Porém o estudo Solidarity, realizado por um consórcio comandado pela OMS e publicado na mesma revista em dezembro de 2020, contrariou a pesquisa anterior e concluiu que o medicamento não reduziu significativamente a necessidade de ventilação ou o tempo de internação, nem diminuiu a mortalidade. Mesmo que o remédio seja um aliado na luta contra o coronavírus, ainda não é a solução para a pandemia.

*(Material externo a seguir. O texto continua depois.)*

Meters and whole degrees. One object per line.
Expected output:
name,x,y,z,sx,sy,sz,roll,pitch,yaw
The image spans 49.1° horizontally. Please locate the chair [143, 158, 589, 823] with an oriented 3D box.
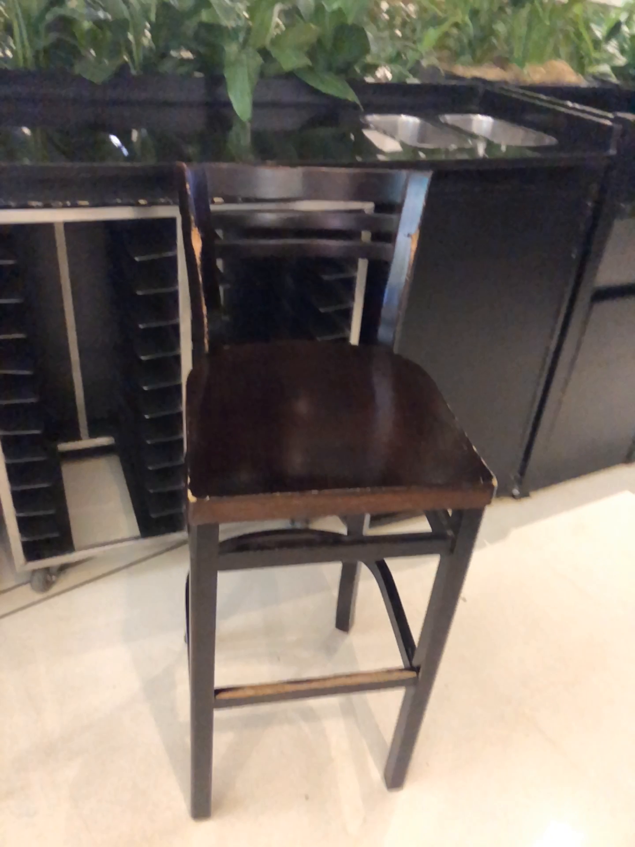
chair,-0.012,0.119,1.093,0.440,0.913,0.453,-2,33,-11
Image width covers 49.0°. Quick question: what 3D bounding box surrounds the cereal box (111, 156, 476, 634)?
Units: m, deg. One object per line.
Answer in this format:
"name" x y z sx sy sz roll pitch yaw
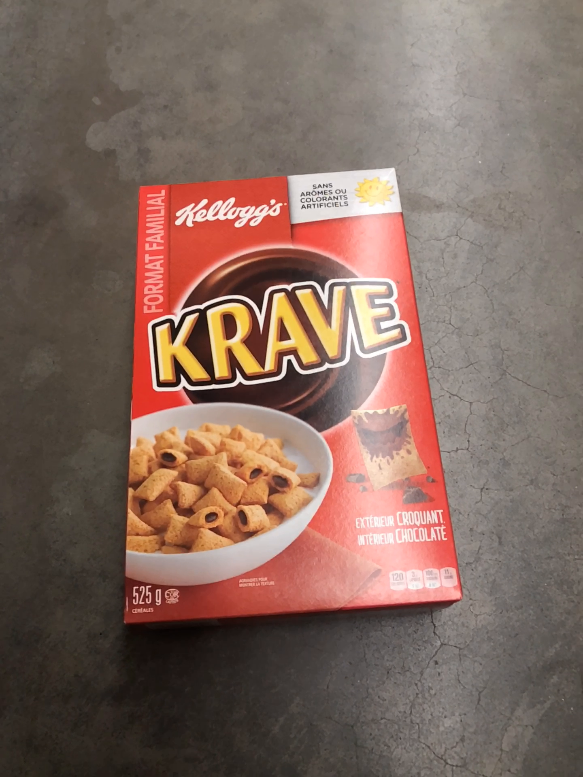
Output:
"cereal box" -0.009 -0.005 0.440 0.200 0.070 0.311 -4 68 0
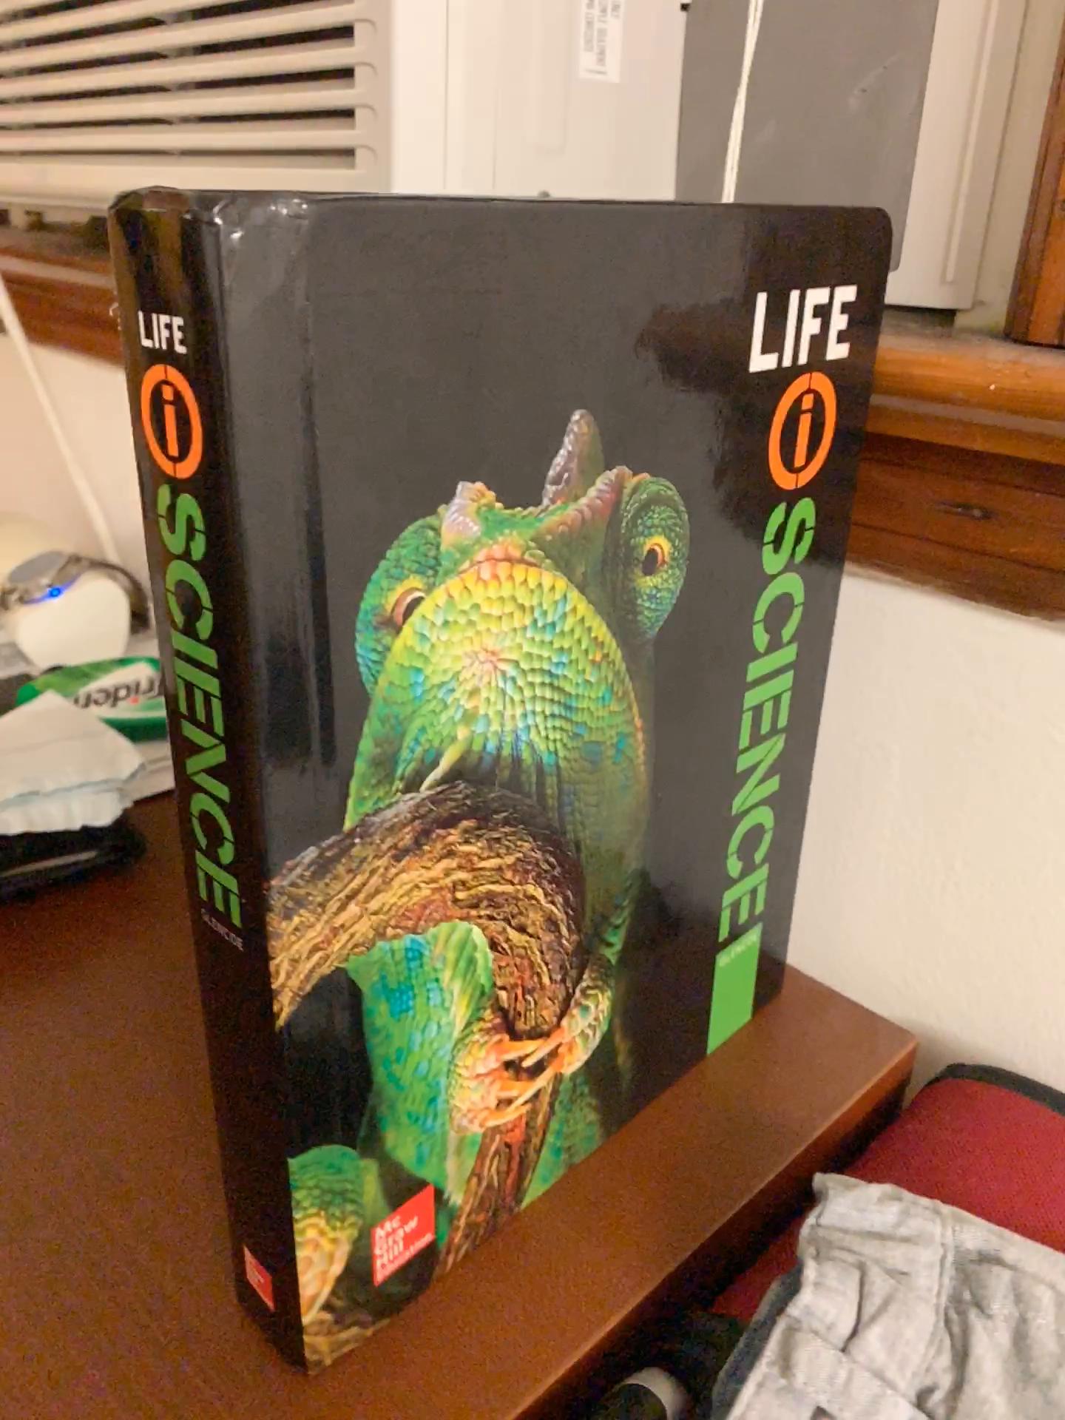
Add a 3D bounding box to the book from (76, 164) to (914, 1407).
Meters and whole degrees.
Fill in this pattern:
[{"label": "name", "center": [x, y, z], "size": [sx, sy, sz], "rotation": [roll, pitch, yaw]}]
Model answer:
[{"label": "book", "center": [0.009, 0.008, 0.318], "size": [0.051, 0.286, 0.227], "rotation": [22, 31, 38]}]

Infelizmente ainda não podemos prever quando um medicamento criado especificamente para combater o coronavírus chegará ao mercado. Mas Cristina acredita que com dinheiro, tempo e dedicação, é possível transpor os obstáculos. “Ninguém acreditava que a vacina de RNA mensageiro funcionaria, que os cientistas conseguiriam manter o RNA dentro do organismo por tempo suficiente para gerar uma resposta imune do corpo, porque ele é muito instável. Mas eles conseguiram”, diz.
De modo semelhante, a cientista aposta que um remédio contra o coronavírus é possível, muito provavelmente associado a novas técnicas de detecção precoce do vírus no organismo e a testagem em massa para entender melhor o ciclo do vírus. Basta que governos e a indústria farmacêutica estejam dispostos a abrir os cofres e investir nesse caminho do mesmo modo como investiram nas vacinas.